As mobile operating systems evolve, the number of built-in apps is increasing. However, as app developers, we want users to use our application instead of other available apps. In this article, we will learn how we can make our app as one of the available choices when the user is prompted to select an application in the App chooser.

Basics

The Android operating system offers the use of intent filters to signal that our application is a candidate for certain actions/protocols when the user interacts with the device. Intent filters are declarations that are made in the app manifest file, which is a signal to the operating system about what actions the application can respond to. Intent filters respond to implicit intents, which specifies an action that can invoke any app capable to handle the intent.

The format for specifying an intent filter is as follows:

<intent-filter android:icon="drawable resource"
                       label="string resource"
                       priority="integer" >

   <action android:name="INTENT_ACTION"/>
   <category android:name="INTENT_CATEGORY"/>
   <data android:mimeType="DATA TYPE"/>
</intent-filter>

The intent filter declaration is done at an activity level in the app manifest file.

The syntax requires an <activity> element to be present in an intent filter and can also contain <category> and <data> elements.

The icon represents the parent activity, or service that the application is declaring the capability for.
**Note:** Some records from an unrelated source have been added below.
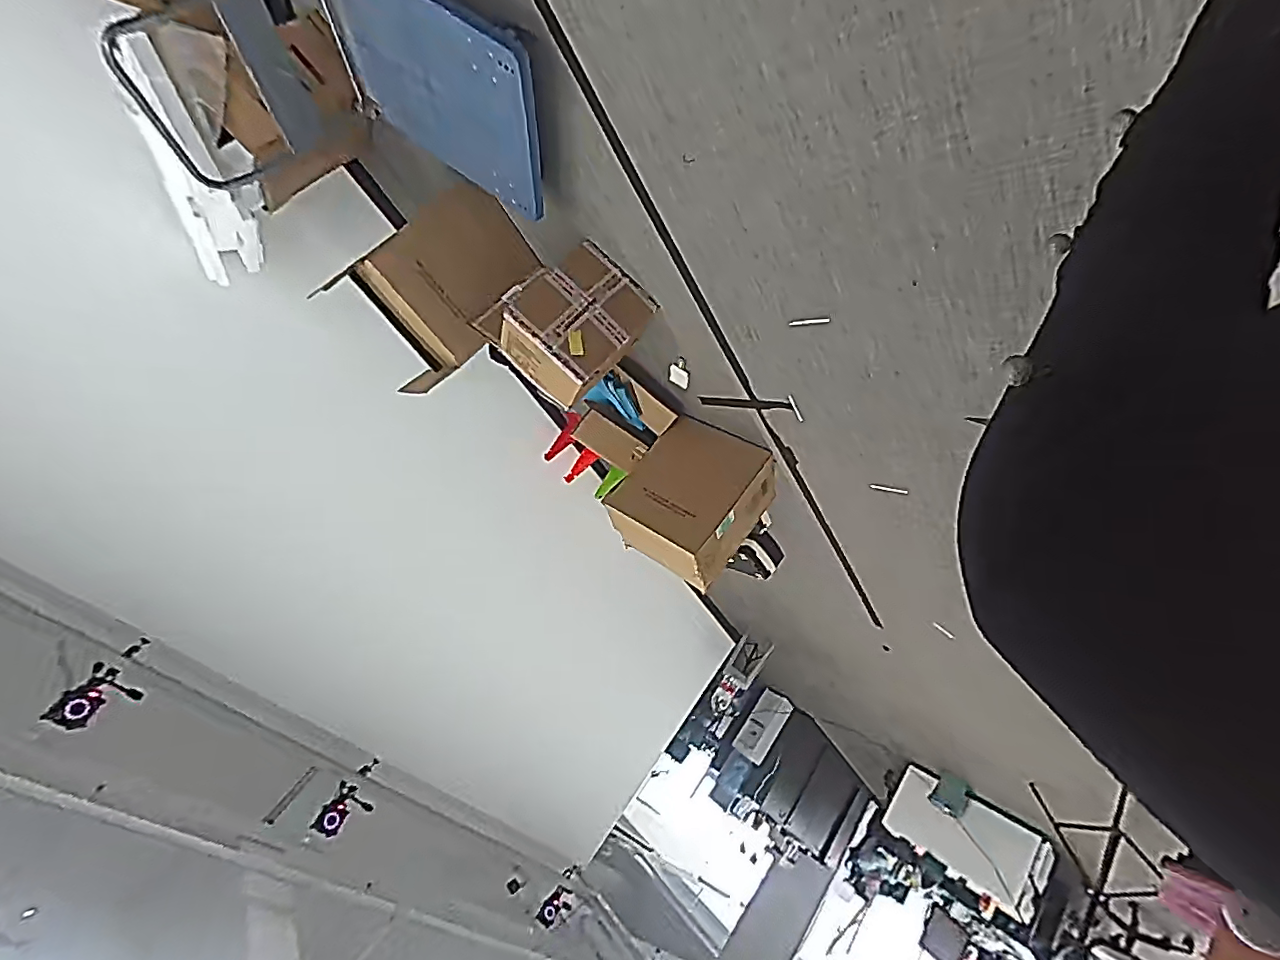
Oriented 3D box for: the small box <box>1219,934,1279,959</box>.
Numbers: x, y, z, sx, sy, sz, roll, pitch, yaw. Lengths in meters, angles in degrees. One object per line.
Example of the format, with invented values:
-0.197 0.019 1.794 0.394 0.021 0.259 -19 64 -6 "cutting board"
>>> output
1.570 1.285 1.351 0.179 0.176 0.168 14 147 52 "small box"

The value should be a drawable resource.

The priority attribute should be used only if you desire to impose a specific order in which broadcasts are received, or if you want Android to choose a specific activity over another. The values can range between –1000 and 1000 (the default is 0).

Note that each intent filter needs to list at least one action, but it can list more than one. On the other hand, an intent filter can list zero or more categories.

The following intent filters are available to register for the various activities:

  • ACTION_MAIN
  • ACTION_VIEW
  • ACTION_ATTACH_DATA
  • ACTION_EDIT
  • ACTION_PICK
  • ACTION_CHOOSER
  • ACTION_GET_CONTENT
  • ACTION_DIAL
  • ACTION_CALL
  • ACTION_SEND
  • ACTION_SENDTO
  • ACTION_ANSWER
  • ACTION_INSERT
  • ACTION_DELETE
  • ACTION_RUN
  • ACTION_SYNC
  • ACTION_PICK_ACTIVITY
  • ACTION_SEARCH
    ACTION_WEB_SEARCH
    ACTION_FACTORY_TEST

The most common of the above are ACTION_VIEW (when the user wants to view some data) and ACTION_SEND (when the user want to send data) and we will use them in our demo.

Hands On

Let us create a simple application that uses Intent filters.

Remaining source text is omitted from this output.